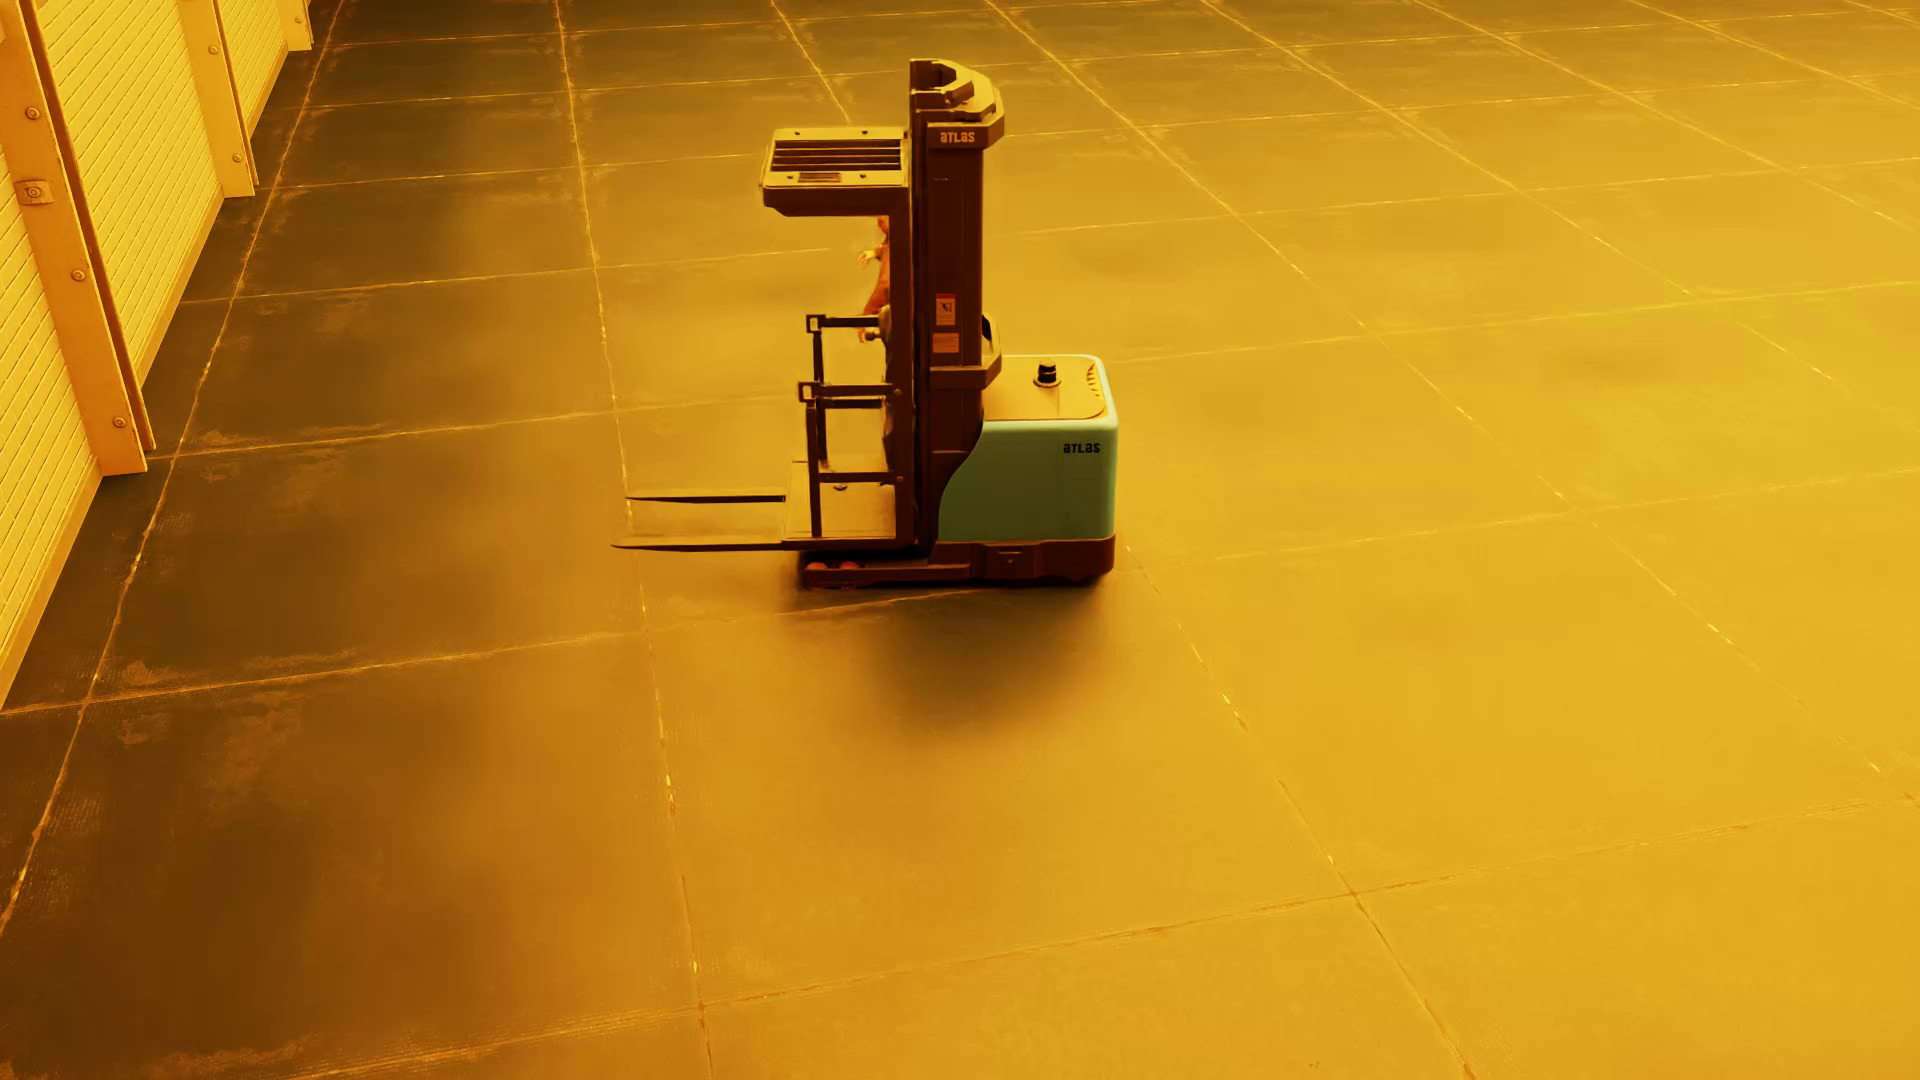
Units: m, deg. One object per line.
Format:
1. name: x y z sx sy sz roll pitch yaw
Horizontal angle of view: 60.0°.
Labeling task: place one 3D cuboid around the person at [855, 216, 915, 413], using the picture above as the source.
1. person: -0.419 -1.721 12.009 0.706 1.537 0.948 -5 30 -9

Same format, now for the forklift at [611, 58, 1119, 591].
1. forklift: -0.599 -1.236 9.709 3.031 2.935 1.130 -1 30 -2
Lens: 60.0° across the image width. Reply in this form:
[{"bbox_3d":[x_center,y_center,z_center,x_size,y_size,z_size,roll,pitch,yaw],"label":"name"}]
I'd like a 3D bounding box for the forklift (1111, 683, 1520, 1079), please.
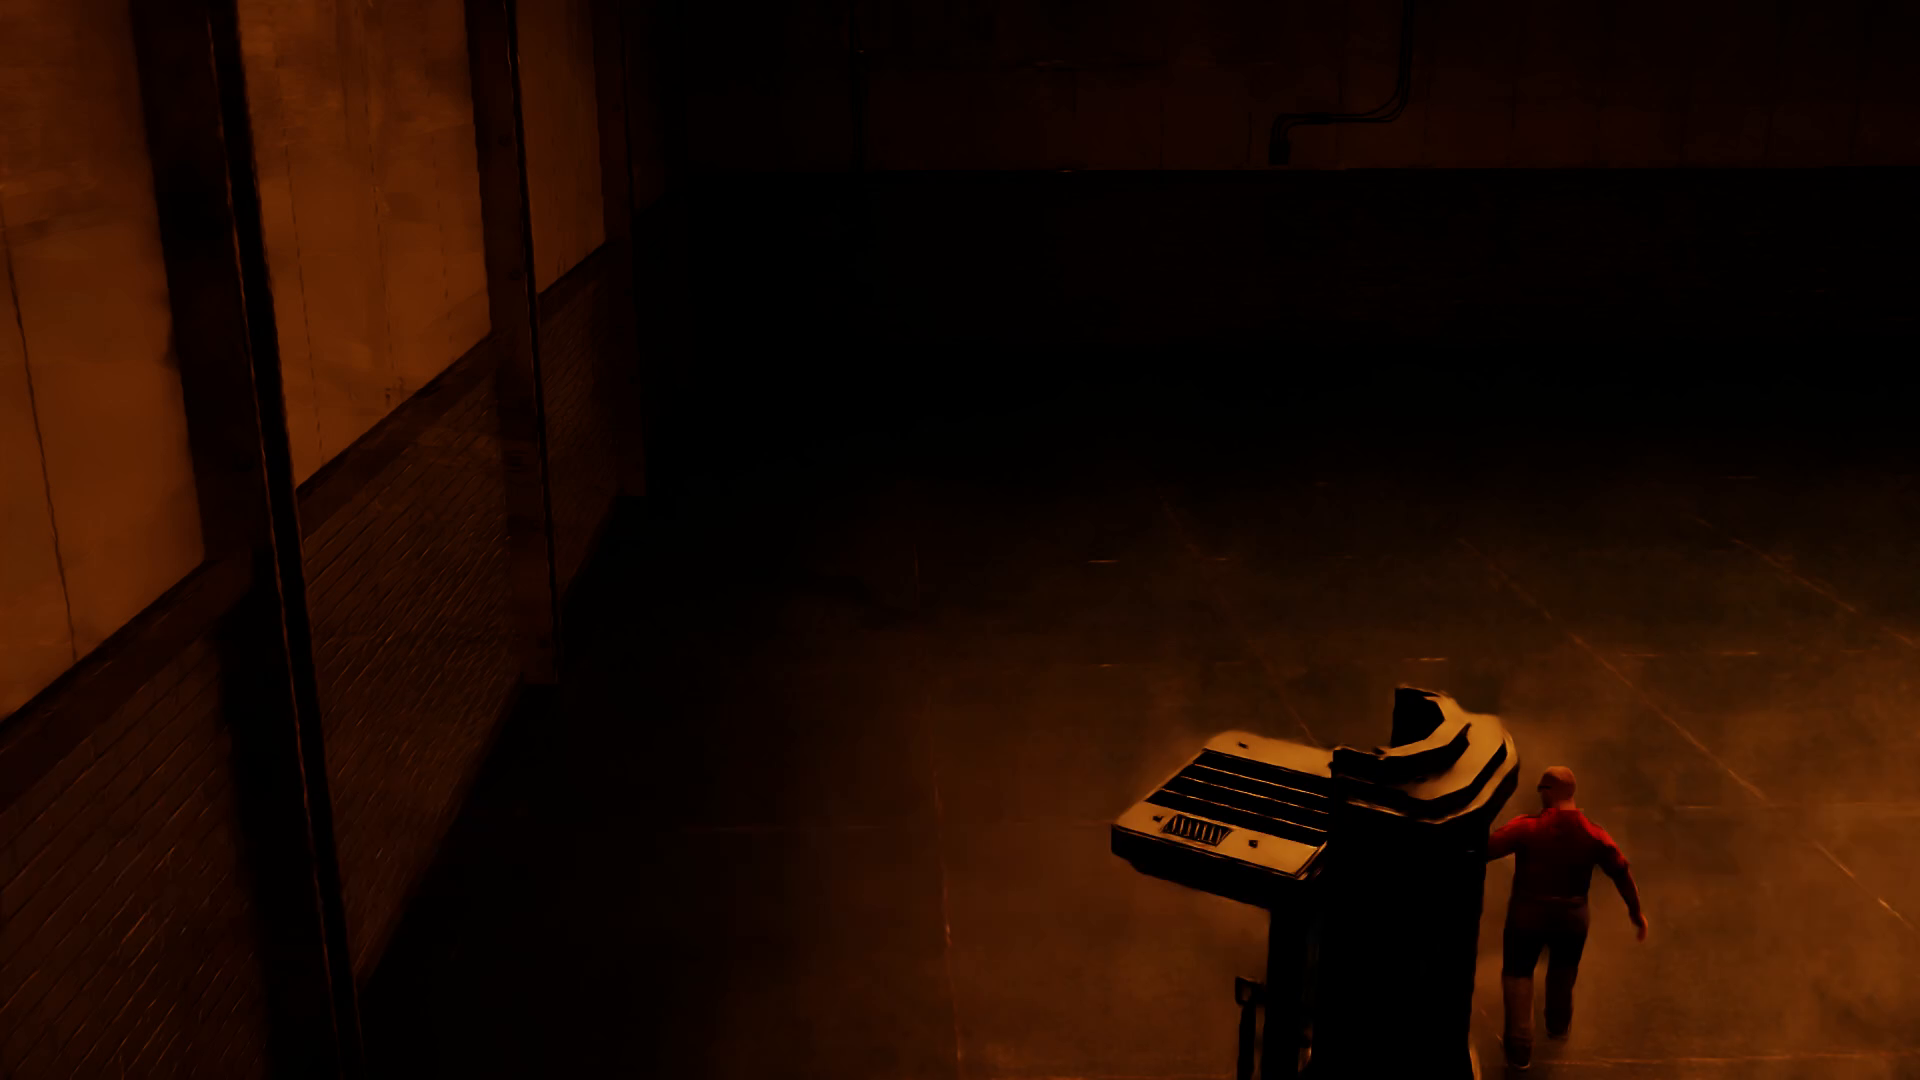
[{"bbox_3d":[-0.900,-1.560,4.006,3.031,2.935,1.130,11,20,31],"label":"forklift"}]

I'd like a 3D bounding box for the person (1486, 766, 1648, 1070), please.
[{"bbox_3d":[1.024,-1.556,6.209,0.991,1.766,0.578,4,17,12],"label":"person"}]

+---+

## Problem statement
Only lines belong in the copy: transcribe those from the start of the data through the line that contains "Lens: 60.0° across", and skip the pictures.

## Response below
Units: m, deg. One object per line.
Format:
1. name: x y z sx sy sz roll pitch yaw
Horizontal angle of view: 60.0°.
Labeling task: place one 3D cuboid around the person at [855, 216, 915, 413], using the picture above as the source.
1. person: -0.419 -1.721 12.009 0.706 1.537 0.948 -5 30 -9

Same format, now for the forklift at [611, 58, 1119, 591].
1. forklift: -0.599 -1.236 9.709 3.031 2.935 1.130 -1 30 -2
Lens: 60.0° across the image width. Reply in this form:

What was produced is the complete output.